Она оглянулась на сад и скорчила гримасу при мысли о том, что придется проходить мимо любовников на газоне.

— Опустить голову, — сказала она себе, — и полный вперед.

— Некоторые живут под этим девизом всю свою жизнь, — легкомысленно заметил он.

Она бросила на него острый взгляд, явно раздумывая, не сошел ли он за последние несколько секунд с ума. Он пожал плечами, не желая извиняться. Наконец-то он снова начинал чувствовать себя в своей тарелке. И имел полное право этому радоваться.

— Вы тоже? — спросила она.

— Безусловно, нет. Я предпочитаю, чтобы в жизни присутствовал некоторый стиль. Все дело в деталях, вам так не кажется?

Она уставилась на него. Несколько раз моргнула. Сказала:

— Мне надо идти.

И ушла. Опустила голову и рванула вперед.

Так и не сказав, как ее зовут.

Глава 6

На следующий день.

— Ты сегодня, какая-то удивительно притихшая, — заметила Луиза.

Аннабель вяло улыбнулась в ответ. Они выгуливали собаку Луизы в Гайд-Парке. Теоретически — в сопровождении Луизиной тетушки, но леди Кросгроув как раз встретила одну из многочисленных приятельниц. Она все еще видела девушек, но явно не могла их услышать.

— Просто устала, — ответила Аннабель. — Перевозбудилась на балу и не могла уснуть. — В ответе не было лжи, но и не содержалось всей правды. Прошлой ночью она действительно несколько часов лежала без сна, старательно изучая картины, мельтешившие под собственными закрытыми веками.

Ей решительно не хотелось пялиться в потолок. Из принципа. Она всегда это ненавидела. Когда хочешь заснуть, открыть глаза — значит признать свое поражение.

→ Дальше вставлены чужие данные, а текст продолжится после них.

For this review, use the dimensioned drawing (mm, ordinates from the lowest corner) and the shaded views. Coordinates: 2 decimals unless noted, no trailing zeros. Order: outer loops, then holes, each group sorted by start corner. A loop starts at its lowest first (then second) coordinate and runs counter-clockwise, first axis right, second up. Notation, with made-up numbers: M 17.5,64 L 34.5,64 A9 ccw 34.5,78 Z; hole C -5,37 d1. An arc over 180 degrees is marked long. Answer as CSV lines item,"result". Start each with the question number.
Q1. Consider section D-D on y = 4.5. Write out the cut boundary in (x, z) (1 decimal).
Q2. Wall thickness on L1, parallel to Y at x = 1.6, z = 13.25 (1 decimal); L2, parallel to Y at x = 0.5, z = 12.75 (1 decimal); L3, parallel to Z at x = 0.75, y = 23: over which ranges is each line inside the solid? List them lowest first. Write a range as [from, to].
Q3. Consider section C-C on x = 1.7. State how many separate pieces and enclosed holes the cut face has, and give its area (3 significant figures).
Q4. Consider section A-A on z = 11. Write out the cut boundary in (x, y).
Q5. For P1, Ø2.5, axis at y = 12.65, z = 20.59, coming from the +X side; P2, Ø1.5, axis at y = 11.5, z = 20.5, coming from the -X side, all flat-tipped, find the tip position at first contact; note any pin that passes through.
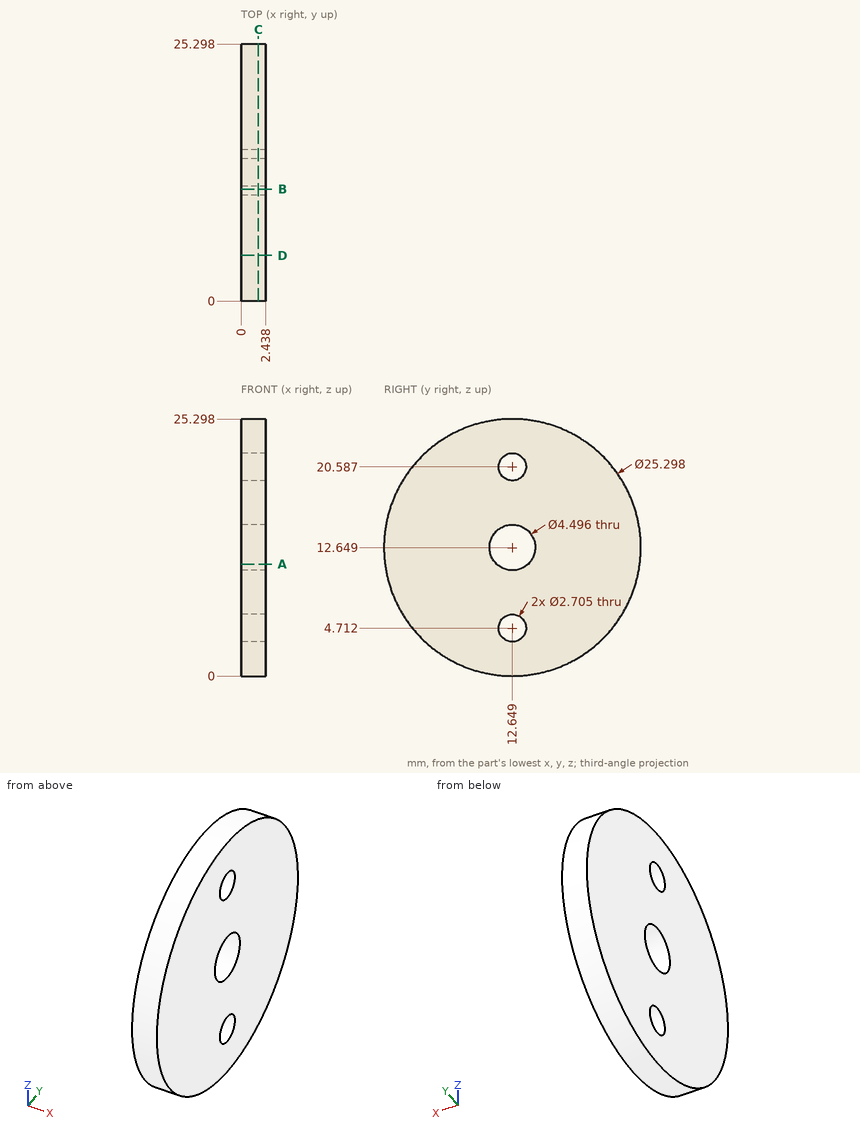
Evaluation:
1,outline,"M 0,3 L 2.4,3 L 2.4,22.3 L 0,22.3 Z"
2,L1,"y = [0, 10.5], [14.8, 25.3]"
2,L2,"y = [0, 10.4], [14.9, 25.3]"
2,L3,"z = [5.38, 19.92]"
3,separate pieces,"1"
3,enclosed holes,"3"
3,area,"475 mm²"
4,outline,"M 0,0.11 L 2.44,0.11 L 2.44,11.12 L 0,11.12 Z; M 0,14.18 L 2.44,14.18 L 2.44,25.19 L 0,25.19 Z"
5,P1,"passes through"
5,P2,"stops at x = 0"

Но с открытыми глазами или без, ей никак не удавалось отвлечься от мыслей о том, что она натворила.

Себастьян Грей.

Себастьян Грей!

Эти слова колоколом отдавались у нее в голове. В списке мужчин, с которыми ей не следовало целоваться, он стоял в самом начале, наравне с королем, лордом Ливерпулем и трубочистом.

По правде говоря, она сильно подозревала, что он стоит выше трубочиста.

До бала у Троубриджей она знала о мистере Грее весьма немного. Что он — наследник лорда Ньюбури, и что эти двое не переносят друг друга. Но как только прошел слух, что лорд Ньюбури за ней ухаживает, все, казалось, считали своим долгом рассказать ей что-нибудь о графе и его племяннике.

О, ну ладно, не все, поскольку она была совершенно неинтересна большей части общества, но все, кого она знала, спешили поделиться с ней своим мнением.

Он красив (племянник, а не дядя).

Он повеса (снова племянник).

Он, похоже, беден, как церковная мышь, и много времени проводит в обществе двоюродных братьев по матери (беден, без сомнения, племянник, и это к лучшему, ведь если Аннабель выйдет замуж за лорда Ньюбури, и окажется, что беден, как церковная мышь, именно он, это будет уж как-то чересчур).